Dilution of the medicinal product Arsenic trioxide Tillomed
The medicinal product Arsenic trioxide Tillomed must be diluted before administration.
Personnel should be trained in handling and diluting arsenic trioxide and should wear appropriate protective clothing.
Dilution: Carefully insert the syringe needle into the vial and withdraw the required volume of concentrate. The medicinal product Arsenic trioxide Tillomed should then be immediately diluted in 100 to 250 mL of 5% glucose solution (50 mg/mL) for injection or 0.9% sodium chloride solution (9 mg/mL) for injection.
Any unused content of each vial should be properly discarded. Do not store unused content for later administration.

Administration of the medicinal product Arsenic trioxide Tillomed
The medicinal product Arsenic trioxide Tillomed is for single use only. It must not be mixed or administered simultaneously in the same intravenous infusion set with other medicinal products.
The medicinal product Arsenic trioxide Tillomed should be administered intravenously by infusion lasting from 1 to 2 hours. If vascular reactions are observed, the infusion duration may be extended up to 4 hours. A central venous catheter is not required.
The diluted solution must be clear and colourless. Before administration, all parenteral solutions should be inspected visually for particulate matter and discoloration.
Do not use the medicinal product if particulate matter is present.

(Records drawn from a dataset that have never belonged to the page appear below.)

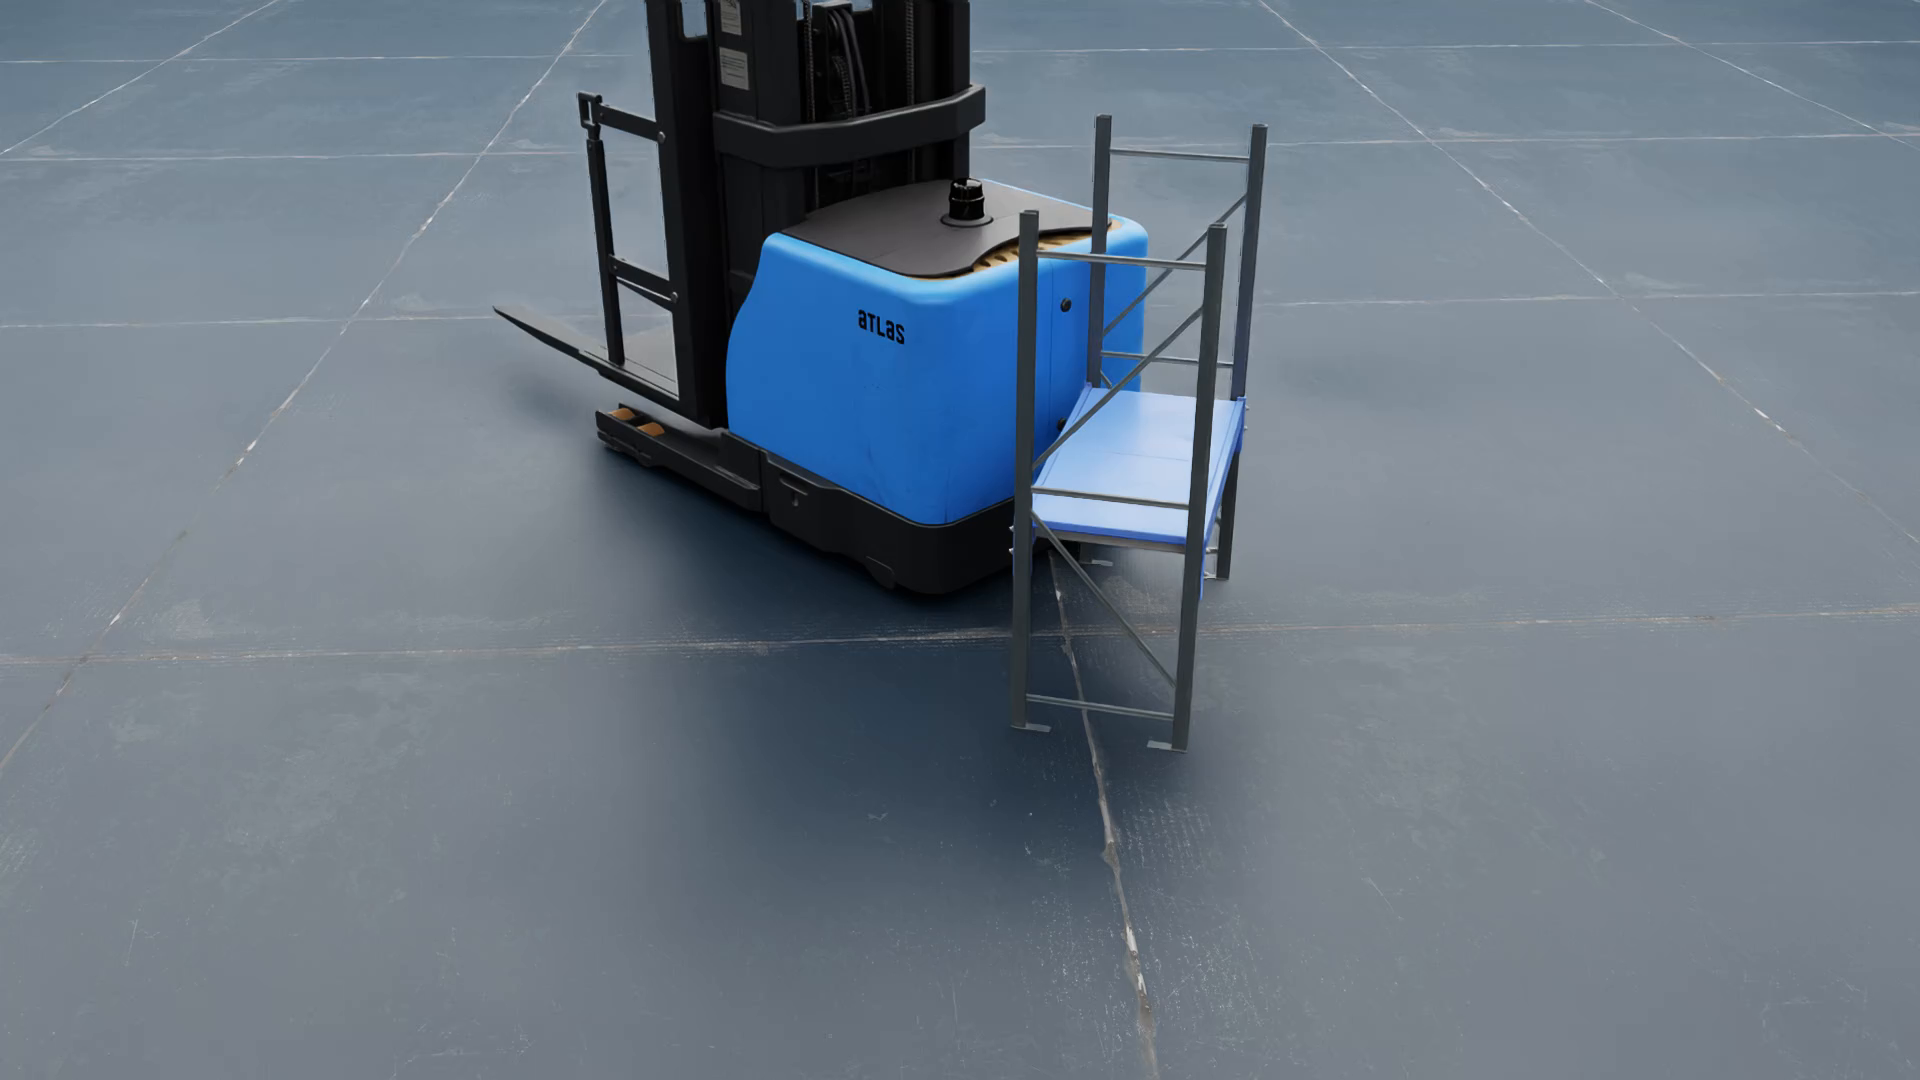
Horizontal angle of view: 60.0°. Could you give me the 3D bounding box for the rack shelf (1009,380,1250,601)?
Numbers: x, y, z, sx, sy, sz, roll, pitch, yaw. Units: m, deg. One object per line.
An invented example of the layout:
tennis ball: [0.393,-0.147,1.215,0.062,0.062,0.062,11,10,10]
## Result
rack shelf: [0.518,-0.174,4.850,0.538,0.185,1.000,7,28,13]

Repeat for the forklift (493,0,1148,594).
forklift: [-0.748,-1.718,5.874,1.130,2.935,3.031,-24,36,-38]

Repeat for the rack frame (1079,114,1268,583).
rack frame: [0.647,-0.561,5.203,0.500,1.500,0.032,7,28,13]

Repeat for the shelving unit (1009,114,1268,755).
shelving unit: [0.518,-0.333,4.767,0.538,1.500,1.048,7,28,13]

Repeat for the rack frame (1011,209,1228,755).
rack frame: [0.389,-0.106,4.331,0.500,1.500,0.032,7,28,13]

After dilution in infusion solutions, chemical and physical stability of the medicinal product Arsenic trioxide Tillomed has been demonstrated for 48 hours at temperatures from 15°C to 30°C and for 96 hours when stored refrigerated (2°C – 8°C). From a microbiological point of view, the product should be used immediately after preparation. If not used immediately, the responsibility for storage conditions and duration prior to use lies with the user. Generally, the storage time should not exceed 24 hours at 2°C to 8°C, unless dilution has been carried out under controlled and validated aseptic conditions.

Proper disposal procedure
All unused residues of the medicinal product, materials that have come into contact with it, and waste materials must be disposed of in accordance with local regulations.